The following query shows data download counts by a specific user for each month in 2013:

https://cn.dataone.org/cn/v1/query/stats?q=*:*&fq=principal:williams&fq=event:read&fq=formatId:BIN&facet=true&facet.field=event&facet.range=datetime&facet.range.start=2013-01-01T01:01:01Z&facet.range.end=2013-12-31T24:59:59Z&facet.range.gap=%2B1MONTH

        <?xml version="1.0" encoding="UTF-8"?>
        <response>
            ...
            <lst name="facet_ranges">
              <lst name="datetime">
                <lst name="counts">
                  <int name="2013-01-01T01:01:01Z">0</int>
                  <int name="2013-02-01T01:01:01Z">0</int>
                  <int name="2013-03-01T01:01:01Z">0</int>
                  <int name="2013-04-01T01:01:01Z">0</int>
                  <int name="2013-05-01T01:01:01Z">0</int>
                  <int name="2013-06-01T01:01:01Z">2</int>
                  <int name="2013-07-01T01:01:01Z">1</int>
                  <int name="2013-08-01T01:01:01Z">0</int>
                  <int name="2013-09-01T01:01:01Z">0</int>
                  <int name="2013-10-01T01:01:01Z">0</int>
                  <int name="2013-11-01T01:01:01Z">0</int>
                  <int name="2013-12-01T01:01:01Z">0</int>
                </lst>
                <str name="gap">+1MONTH</str>
                <date name="start">2013-01-01T01:01:01Z</date>
                <date name="end">2014-01-01T01:01:01Z</date>
              </lst>
            </lst>
          </lst>
        </response>

The following query shows EML metadata downloads by a specific user for each month in 2013.
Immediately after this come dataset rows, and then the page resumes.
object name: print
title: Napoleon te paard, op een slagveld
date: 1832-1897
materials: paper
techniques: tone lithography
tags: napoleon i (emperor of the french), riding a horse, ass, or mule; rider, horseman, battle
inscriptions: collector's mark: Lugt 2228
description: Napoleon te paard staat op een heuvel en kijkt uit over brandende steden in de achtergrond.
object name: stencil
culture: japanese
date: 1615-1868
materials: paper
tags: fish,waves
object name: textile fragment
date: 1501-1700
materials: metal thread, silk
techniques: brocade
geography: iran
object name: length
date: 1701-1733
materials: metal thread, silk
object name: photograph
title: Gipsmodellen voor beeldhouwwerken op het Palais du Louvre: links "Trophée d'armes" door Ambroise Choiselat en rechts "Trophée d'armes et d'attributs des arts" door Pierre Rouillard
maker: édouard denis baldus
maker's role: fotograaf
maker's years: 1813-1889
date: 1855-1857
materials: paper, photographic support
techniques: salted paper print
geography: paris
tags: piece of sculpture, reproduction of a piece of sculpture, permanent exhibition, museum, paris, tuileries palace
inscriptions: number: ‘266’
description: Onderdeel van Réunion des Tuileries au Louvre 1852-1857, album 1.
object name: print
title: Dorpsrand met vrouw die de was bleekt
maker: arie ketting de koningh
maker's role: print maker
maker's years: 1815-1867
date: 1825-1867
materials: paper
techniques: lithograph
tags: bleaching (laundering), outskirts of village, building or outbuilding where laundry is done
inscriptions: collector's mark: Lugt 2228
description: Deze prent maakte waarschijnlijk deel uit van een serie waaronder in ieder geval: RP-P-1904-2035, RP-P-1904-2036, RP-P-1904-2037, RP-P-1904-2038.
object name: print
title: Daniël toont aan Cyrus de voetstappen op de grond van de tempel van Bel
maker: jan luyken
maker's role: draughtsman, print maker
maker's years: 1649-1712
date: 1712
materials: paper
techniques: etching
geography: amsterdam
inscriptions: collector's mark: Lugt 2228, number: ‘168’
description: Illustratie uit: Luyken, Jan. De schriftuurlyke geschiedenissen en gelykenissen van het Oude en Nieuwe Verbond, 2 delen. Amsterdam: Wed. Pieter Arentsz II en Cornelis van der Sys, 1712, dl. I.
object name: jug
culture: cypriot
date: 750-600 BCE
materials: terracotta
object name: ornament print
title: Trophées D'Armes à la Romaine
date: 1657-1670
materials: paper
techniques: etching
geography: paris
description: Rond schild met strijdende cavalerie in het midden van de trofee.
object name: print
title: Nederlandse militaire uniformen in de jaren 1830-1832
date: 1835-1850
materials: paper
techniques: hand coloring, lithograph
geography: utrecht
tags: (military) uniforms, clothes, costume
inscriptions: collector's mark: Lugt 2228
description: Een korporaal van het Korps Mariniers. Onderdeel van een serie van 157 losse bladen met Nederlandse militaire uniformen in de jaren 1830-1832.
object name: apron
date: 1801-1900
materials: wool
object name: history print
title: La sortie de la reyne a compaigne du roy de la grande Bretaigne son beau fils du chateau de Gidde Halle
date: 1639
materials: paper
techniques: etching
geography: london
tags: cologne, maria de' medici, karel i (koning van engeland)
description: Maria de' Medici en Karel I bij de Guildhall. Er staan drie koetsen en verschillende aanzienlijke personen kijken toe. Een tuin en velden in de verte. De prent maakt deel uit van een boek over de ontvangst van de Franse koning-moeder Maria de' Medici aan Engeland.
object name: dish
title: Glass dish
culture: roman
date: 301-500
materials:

https://cn.dataone.org/cn/v1/query/stats?q=*:*&fq=principal:*williams*&fq=event:read&fq=formatId:*eml*&facet=true&facet.field=event&facet.range=datetime&facet.range.start=2013-01-01T01:01:01Z&facet.range.end=2013-12-31T24:59:59Z&facet.range.gap=%2B1MONTH

        <?xml version="1.0" encoding="UTF-8"?>
        <response>
                ...
            <lst name="facet_ranges">
              <lst name="datetime">
                <lst name="counts">
                  <int name="2013-01-01T01:01:01Z">0</int>
                  <int name="2013-02-01T01:01:01Z">0</int>
                  <int name="2013-03-01T01:01:01Z">0</int>
                  <int name="2013-04-01T01:01:01Z">1</int>
                  <int name="2013-05-01T01:01:01Z">1</int>
                  <int name="2013-06-01T01:01:01Z">0</int>
                  <int name="2013-07-01T01:01:01Z">2</int>
                  <int name="2013-08-01T01:01:01Z">0</int>
                  <int name="2013-09-01T01:01:01Z">0</int>
                  <int name="2013-10-01T01:01:01Z">0</int>
                  <int name="2013-11-01T01:01:01Z">0</int>
                  <int name="2013-12-01T01:01:01Z">0</int>
                </lst>
                <str name="gap">+1MONTH</str>
                <date name="start">2013-01-01T01:01:01Z</date>
                <date name="end">2014-01-01T01:01:01Z</date>
              </lst>
            </lst>
          </lst>
        </response>

Unresolved Issues/Questions

        1. How is the location of an event determined? What do we mean by location?
            -- MBJ: location from which a request (e.g., download) was made; probably requires geolocating IP addresses
        2. Currently Solr (3.x and 4.x) doesn’t allow faceting by date/time interval, so it isn't possible to use the stats component to calculate total download volume for a time interval over a time range, such as every month for the last 10 years. Therefor for  calculated amounts, a query for each time interval is required. 
        3. Where will citation info come from? Do we import this into the Solr index?
            -- MBJ: Probably by querying ImpactStory API; I have discussed a relationship with them whereby we provide them with an API for our download and other stats indexed by PID, and they provide us with citations by PID
        4. Are there other text fields (from systemmetadata or other table) that the statistics service should include, i.e. do we want to provide statistics for queries such as "how many pids were downloaded that mention kelp?"?
            -- MBJ: probably not subject based at this time
        5. The current query mechanism for the Solr index (embedded) allows for authenticated access and public access with result filtering of certain fields (ip address, subject...). What other access restrictions need to be imposed?